I tell you, moçadinha. Ter sido humilhado no meio da rua, despido e quase assado vivo parece até um passeio no parque perto do que Jô fez com o bando de cobradores. Nem Kurt Cobain lá no inferno suportaria assistir a tamanha selvageria sem cobrir os olhos uma ou duas vezes... Até as ‘puliça’ chegaram pra tentar apartar o massacre, mas assim que viram que quem batia era o Jô os guardinhas bateram em retirada. A vantagem de ter mais de dois metros de altura e mais músculos que o Incrível Hulk é que ninguém tem coragem de te prender, mesmo que ‘ocê’ tenha feito por merecer...

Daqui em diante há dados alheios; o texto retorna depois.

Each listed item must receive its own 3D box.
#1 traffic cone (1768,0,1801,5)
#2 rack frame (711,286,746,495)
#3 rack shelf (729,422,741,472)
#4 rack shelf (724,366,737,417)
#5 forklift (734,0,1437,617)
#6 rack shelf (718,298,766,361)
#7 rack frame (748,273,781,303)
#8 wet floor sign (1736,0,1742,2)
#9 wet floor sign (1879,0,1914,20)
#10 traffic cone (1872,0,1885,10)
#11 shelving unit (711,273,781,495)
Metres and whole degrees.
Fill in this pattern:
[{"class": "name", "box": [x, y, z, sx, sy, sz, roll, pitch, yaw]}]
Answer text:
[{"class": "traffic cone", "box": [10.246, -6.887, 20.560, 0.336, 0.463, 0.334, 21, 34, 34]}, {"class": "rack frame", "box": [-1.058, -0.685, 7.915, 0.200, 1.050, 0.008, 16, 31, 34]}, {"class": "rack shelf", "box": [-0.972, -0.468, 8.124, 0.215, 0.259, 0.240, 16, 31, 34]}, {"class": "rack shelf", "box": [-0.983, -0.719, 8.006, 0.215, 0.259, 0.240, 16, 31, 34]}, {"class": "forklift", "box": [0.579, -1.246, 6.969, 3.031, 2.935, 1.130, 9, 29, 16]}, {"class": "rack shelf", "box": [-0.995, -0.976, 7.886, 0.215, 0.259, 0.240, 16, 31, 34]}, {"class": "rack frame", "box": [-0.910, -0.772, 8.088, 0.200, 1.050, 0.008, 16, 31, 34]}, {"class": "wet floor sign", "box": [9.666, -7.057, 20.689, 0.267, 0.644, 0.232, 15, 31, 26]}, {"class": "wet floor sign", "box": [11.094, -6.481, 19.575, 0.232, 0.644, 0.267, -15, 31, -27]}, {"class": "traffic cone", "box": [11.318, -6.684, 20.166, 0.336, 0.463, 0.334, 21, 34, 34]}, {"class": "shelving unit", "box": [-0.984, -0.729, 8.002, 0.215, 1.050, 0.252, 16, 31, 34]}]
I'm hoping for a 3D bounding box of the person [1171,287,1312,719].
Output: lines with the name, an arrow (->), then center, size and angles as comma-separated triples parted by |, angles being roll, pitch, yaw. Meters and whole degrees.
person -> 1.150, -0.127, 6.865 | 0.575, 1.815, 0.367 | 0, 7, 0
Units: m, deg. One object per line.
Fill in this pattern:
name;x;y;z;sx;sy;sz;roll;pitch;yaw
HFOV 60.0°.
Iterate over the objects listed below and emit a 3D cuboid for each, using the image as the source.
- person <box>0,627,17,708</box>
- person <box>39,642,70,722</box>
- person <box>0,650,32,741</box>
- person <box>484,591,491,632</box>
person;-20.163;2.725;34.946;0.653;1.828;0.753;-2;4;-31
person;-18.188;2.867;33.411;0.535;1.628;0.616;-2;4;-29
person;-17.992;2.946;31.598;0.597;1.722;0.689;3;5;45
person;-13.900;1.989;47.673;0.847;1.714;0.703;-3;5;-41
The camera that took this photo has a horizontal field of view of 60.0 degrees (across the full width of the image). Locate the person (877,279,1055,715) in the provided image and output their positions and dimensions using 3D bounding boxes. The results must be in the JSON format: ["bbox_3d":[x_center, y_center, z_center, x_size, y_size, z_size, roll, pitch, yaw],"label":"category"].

-Viu, Alexia? Falei ‘procê’ que ‘num’ importa como, o saci tem sempre qualquer situação sob controle!
- ‘Num’ sei como e onde Ulysses consegue amigos assim... Então, Barbie? Vamos juntas ao Ceasa encomendar a comida pro posto ou ‘ocê’ dá conta do recado sozinha?
- E desde quando eu preciso de ajuda pra pedir comida?
- Ah, sei lá, do jeito como Dna. Bárbara Yracema Moura Bernardes adora achar motivo pra comprar briga com os outros...
- Tá bom... Ó, se der alguma zebra eu te dou um toque. Vou pelo menos tentar manter nosso acordo em pé, mas ‘num’ garanto que vou manter o capiroto dentro da jaula!

E assim nos separamos para descobrir o que essa manhã de terça-feira teria a nos oferecer de diferente dos outros 364 dias do ano. Apesar de eu já ter uma ideia vaga de como o dia de minha prima vai terminar... See ya later, guys!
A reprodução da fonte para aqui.